* [What the task requires] Please transcribe the entries below exactly and leave out every picture.

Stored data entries
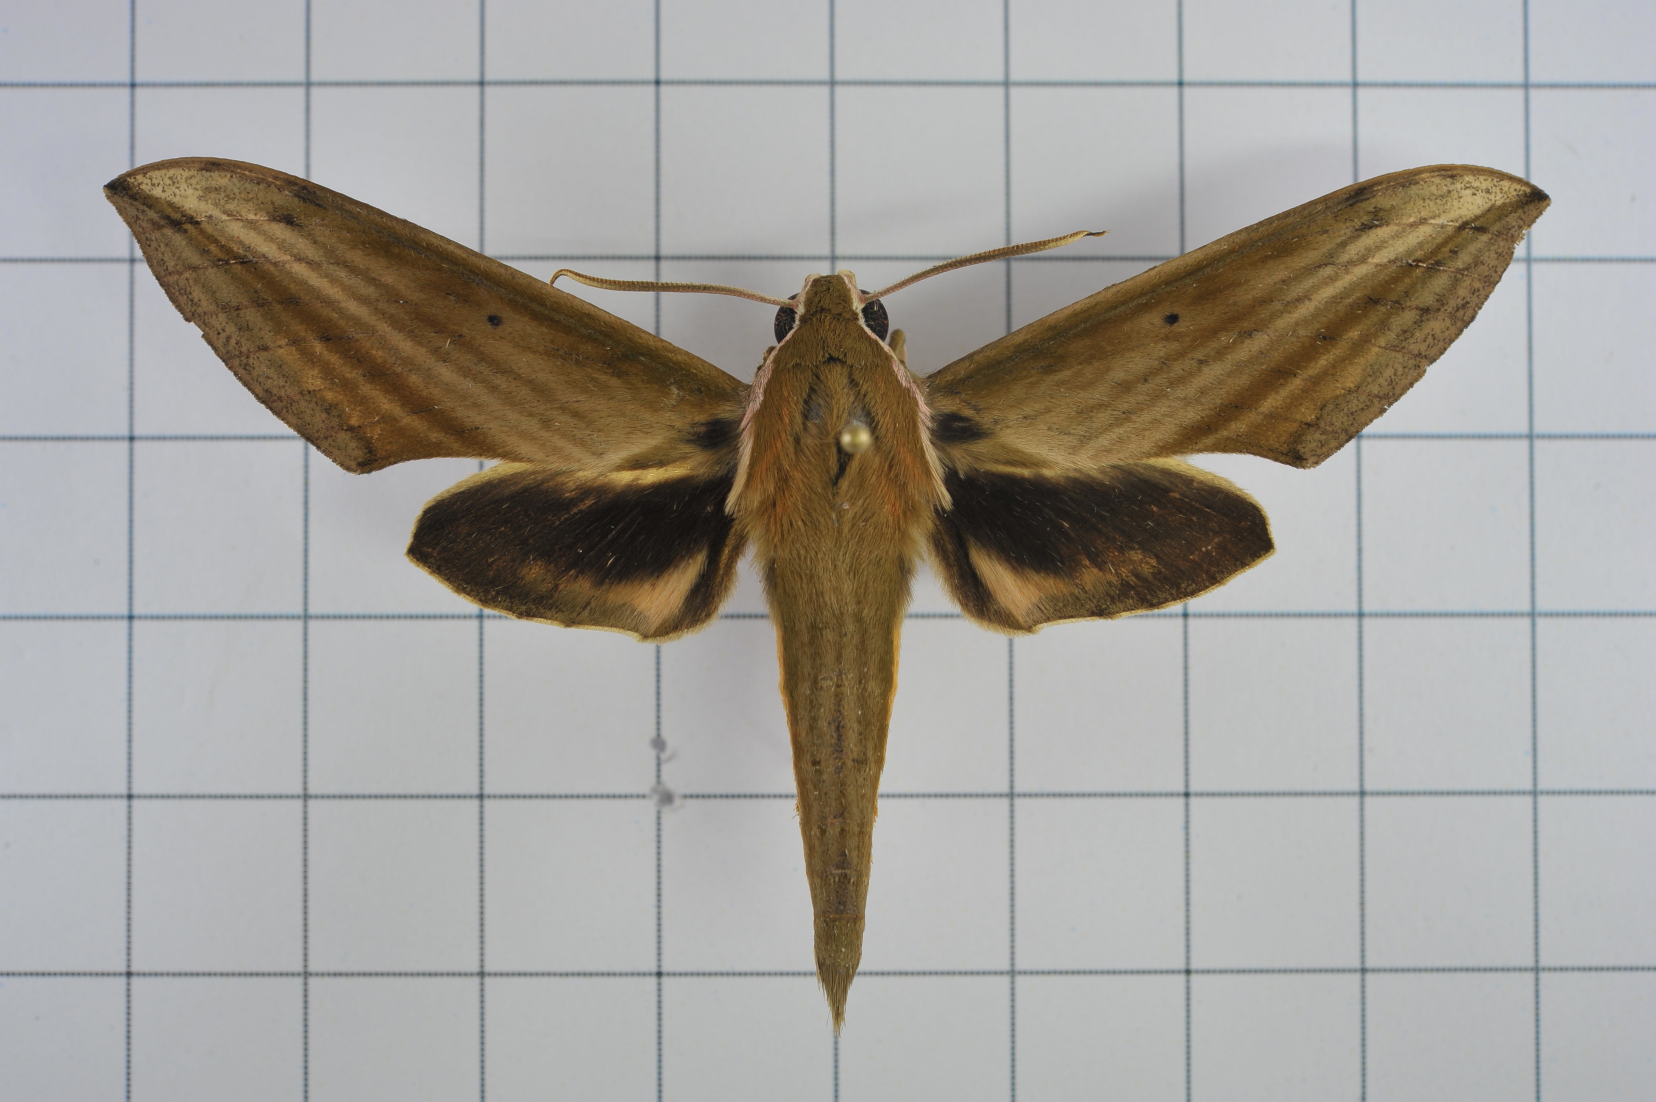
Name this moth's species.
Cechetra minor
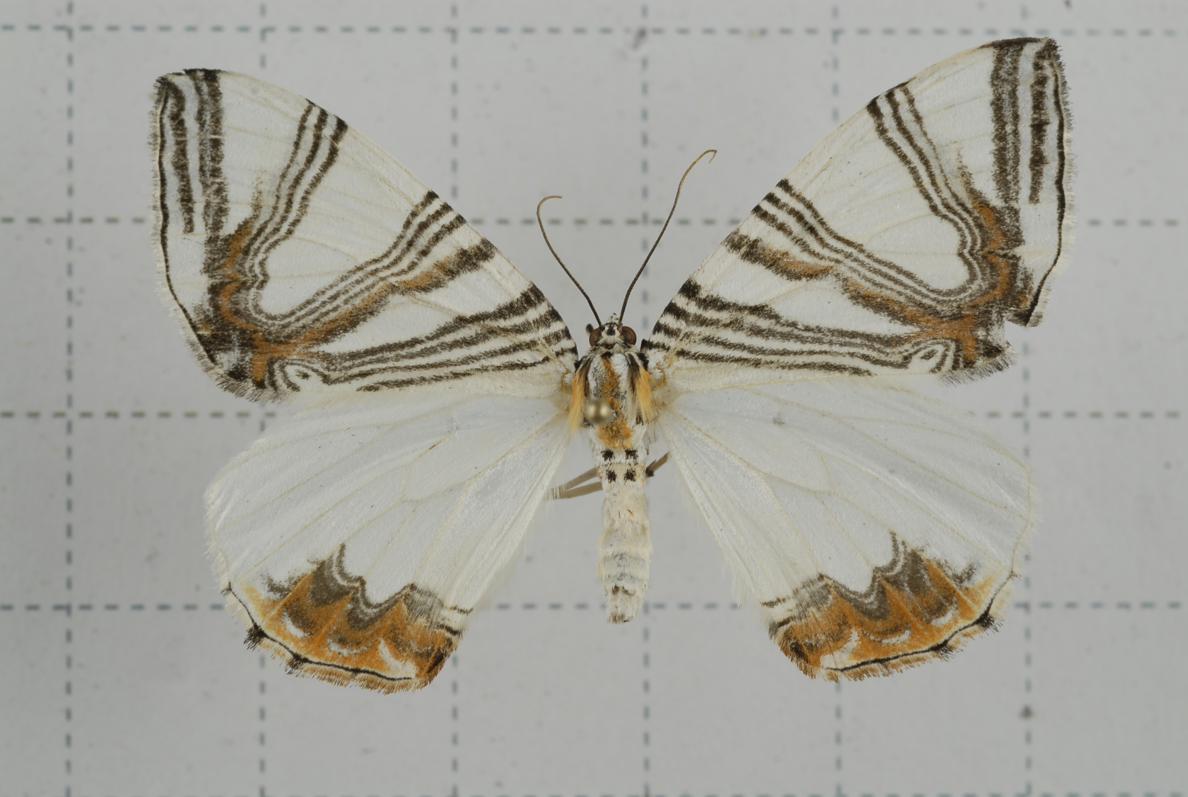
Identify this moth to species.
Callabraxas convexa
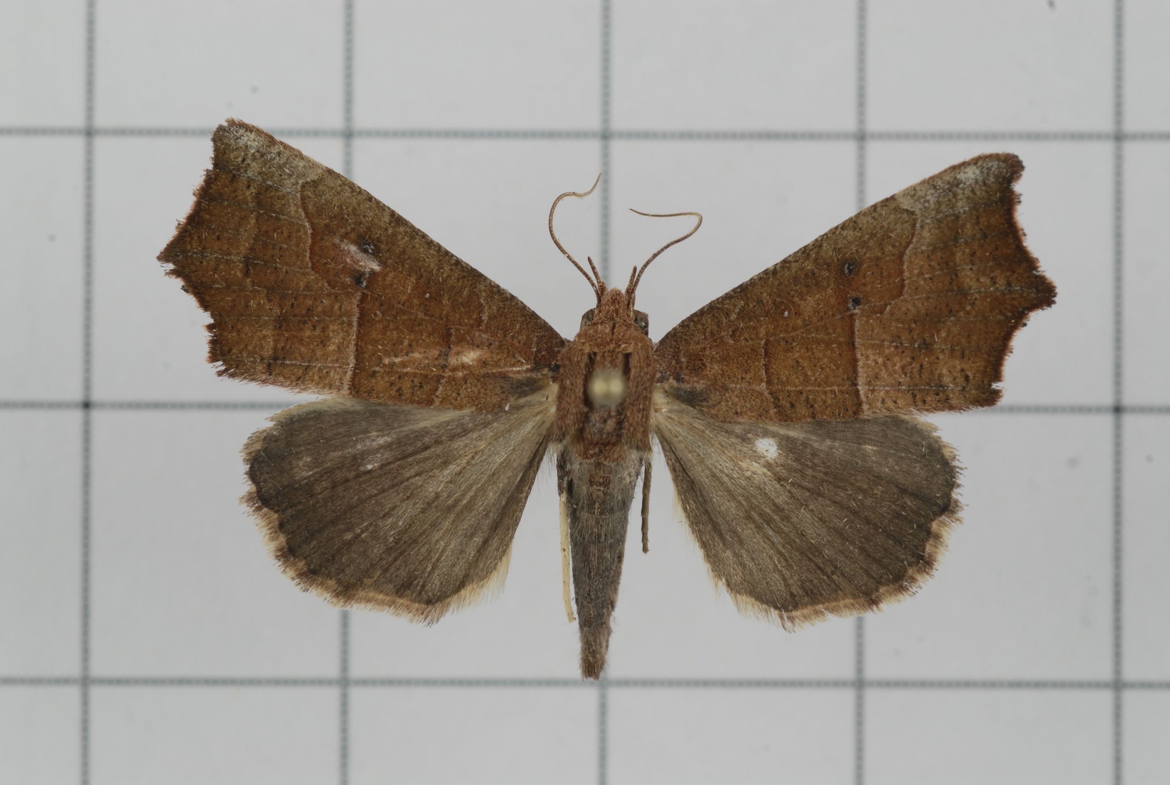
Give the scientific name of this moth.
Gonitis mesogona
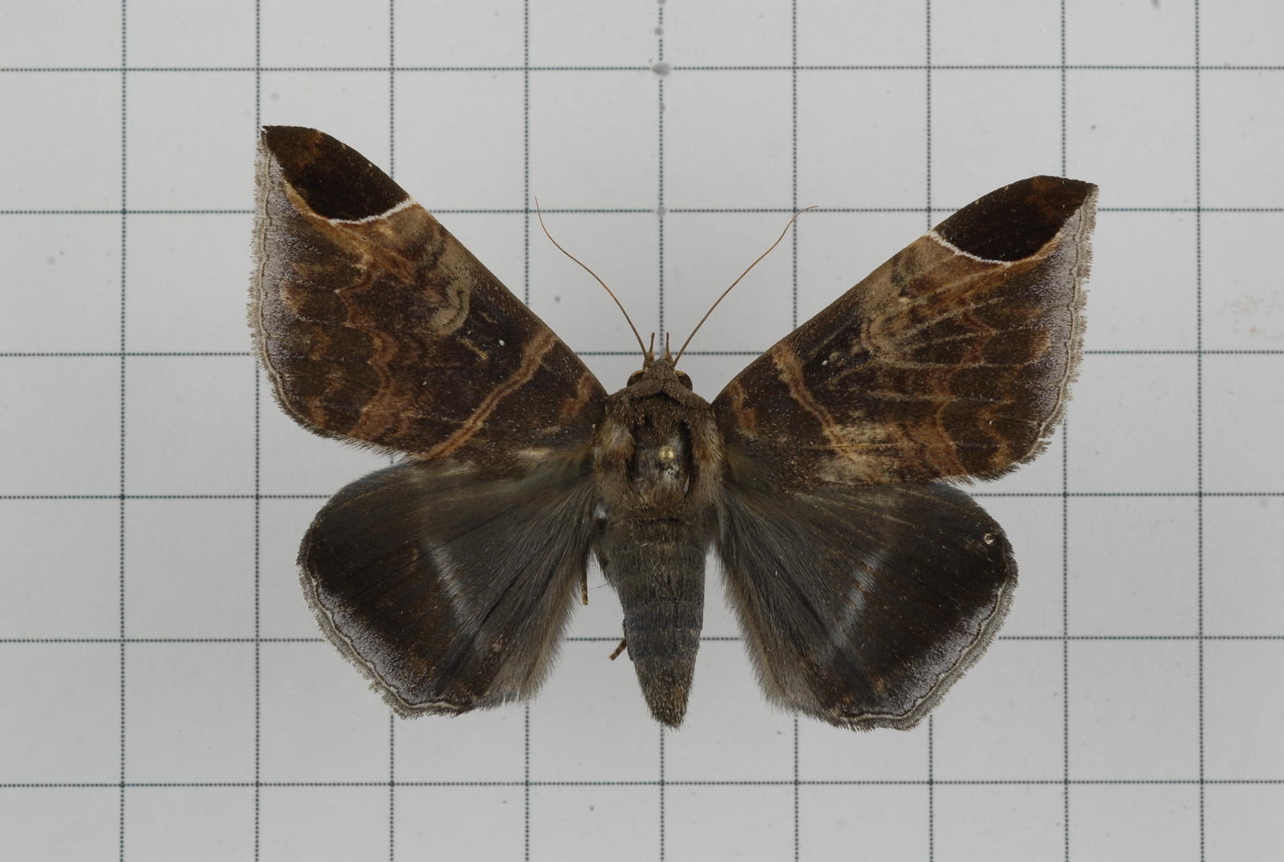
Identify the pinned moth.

* [Solution below]
Name this moth's species.
Cechetra minor
Identify this moth to species.
Callabraxas convexa
Give the scientific name of this moth.
Gonitis mesogona
Identify the pinned moth.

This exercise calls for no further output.